Anche in tempi in cui le immagini corrono più
veloci delle parole, la fotografia ha mantenuto una dimensione in cui cercare
la profondità in due semplici coordinate, alla fine. Ridurre uno spazio a tre
dimensioni (più quella, non relativa, del tempo) a un ordine verticale e
orizzontale, dove si concentra lo sguardo, la luce, l’impressione e insieme
cercare di saldare “realtà e immagine nella nostra società”, come dice il
sottotitolo di Sulla fotografia, è ancora qualcosa che merita di essere
considerato niente altro che arte anche quando lo scopo, l’obiettivo è diverso
perché comunque “la fotografia è diventata uno dei principali meccanismi per
provare qualcosa, per dare una sembianza di partecipazione”. Va ricordato che Sulla
fotografia
è del 1977 e se Susan Sontag non poteva immaginare cosa sarebbe successo con la
rete in tutte le sue derivazioni, aveva già compreso, e molto bene, cosa stava
facendo l’altro strumento che ha fagocitato le immagini e la nostra stessa
percezione, perché “la televisione è un susseguirsi ininterrotto di immagini,
ognuna delle quali cancella quella che la precede” e non è una constatazione
relativa. Nella sua prospettiva “la realtà è sempre letta attraverso i rapporti
che ne forniscono le immagini” e le analisi allineate da Sulla fotografia sono impietose: “le
immagini paralizzano. Le immagini anestetizzano” ed è dunque una sorta di
filosofia dell’ottica, un’etica della visione quella che viene sottolineata
perché “collezionare fotografie è collezionare il mondo”. Se è vero, non è così
lineare dato che, come scrive Susan Sontag, la fotografia consiste comunque “in
uno spiegamento di frammenti casuali, in un modo di misurarsi con il mondo che
è insieme infinitamente allettante e intensamente riduttivo”. Si capisce allora
il senso della definizione, citata a proposito, che Berenice Abbott offre del
fotografo come “l’essere contemporaneo per eccellenza; attraverso i suoi occhi
l’oggi diventa passato” e in effetti Sulla fotografia condensa la pittura, il
cinema, le arti in generale e l’informazione nello specifico perché poi, come
scrive Susan Sontag “il desiderio non ha storia, o almeno è sempre vissuto come
qualcosa che è tutto in primo piano, tutto immediato. E’ suscitato da archetipi
ed è, in tal senso, astratto. I sentimenti morali invece sono radicati nella
storia, dove le persone sono sempre concrete e le situazioni sempre
specifiche”. La conclusione di Susan Sontag è che “noi abbiamo un’idea moderna
del bello, la bellezza non è insita in nulla; bisogna trovarla, con un altro
modo di vedere” e Sulla fotografia finisce con una “breve antologia di citazioni”

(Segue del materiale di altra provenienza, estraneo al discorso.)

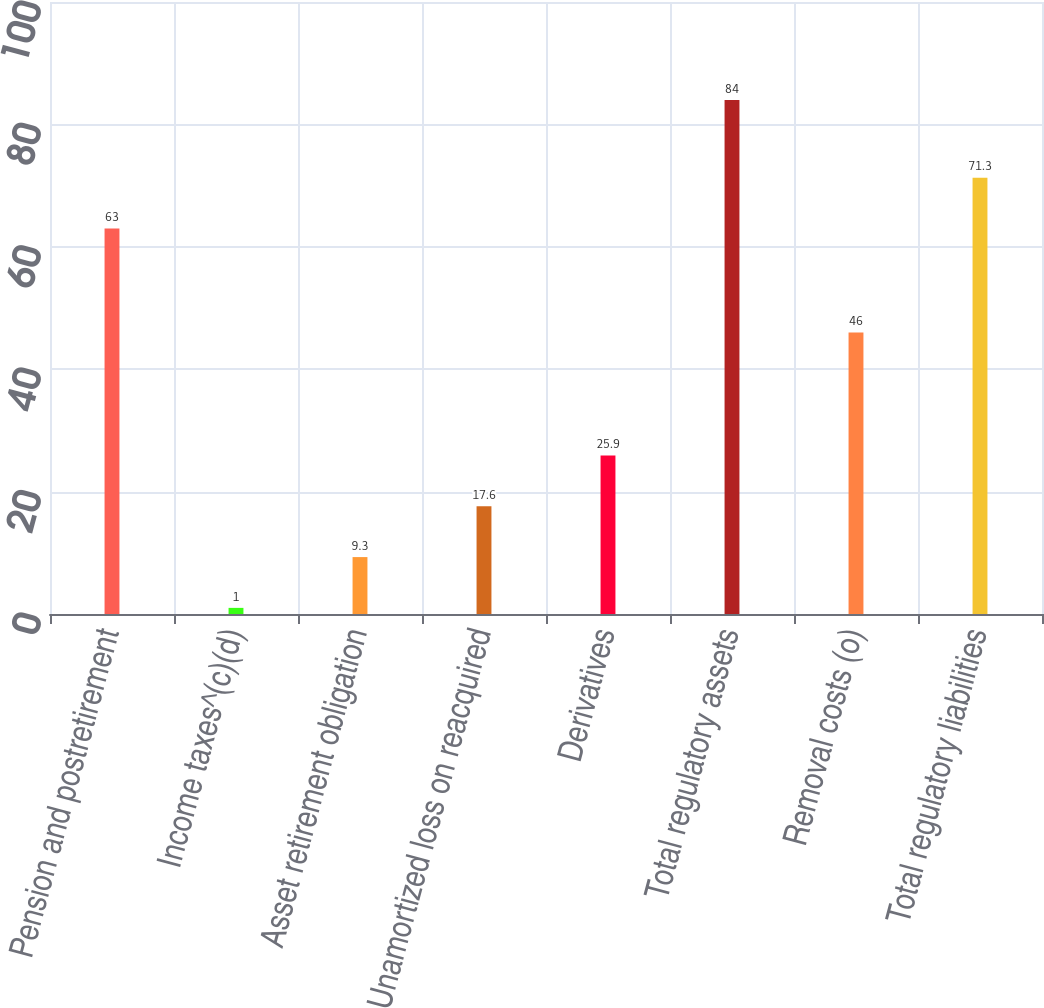Convert chart. <chart><loc_0><loc_0><loc_500><loc_500><bar_chart><fcel>Pension and postretirement<fcel>Income taxes^(c)(d)<fcel>Asset retirement obligation<fcel>Unamortized loss on reacquired<fcel>Derivatives<fcel>Total regulatory assets<fcel>Removal costs (o)<fcel>Total regulatory liabilities<nl><fcel>63<fcel>1<fcel>9.3<fcel>17.6<fcel>25.9<fcel>84<fcel>46<fcel>71.3<nl></chart>

che in realtà costituiscono una solida e coerente appendice di suggerimenti,
una vera e propria mappa per interpretare l’immagine e la realtà. A maggior
ragione se ci si confronta, tra gli altri, con il brevissimo, concreto aforisma
di Frederick Sommer che dice: “La vita non è la realtà. Siamo noi che
infondiamo vita nelle pietre e nei ciottoli”. E’ la sintesi estrema di una
testimonianza che è molto più di un saggio Sulla fotografia.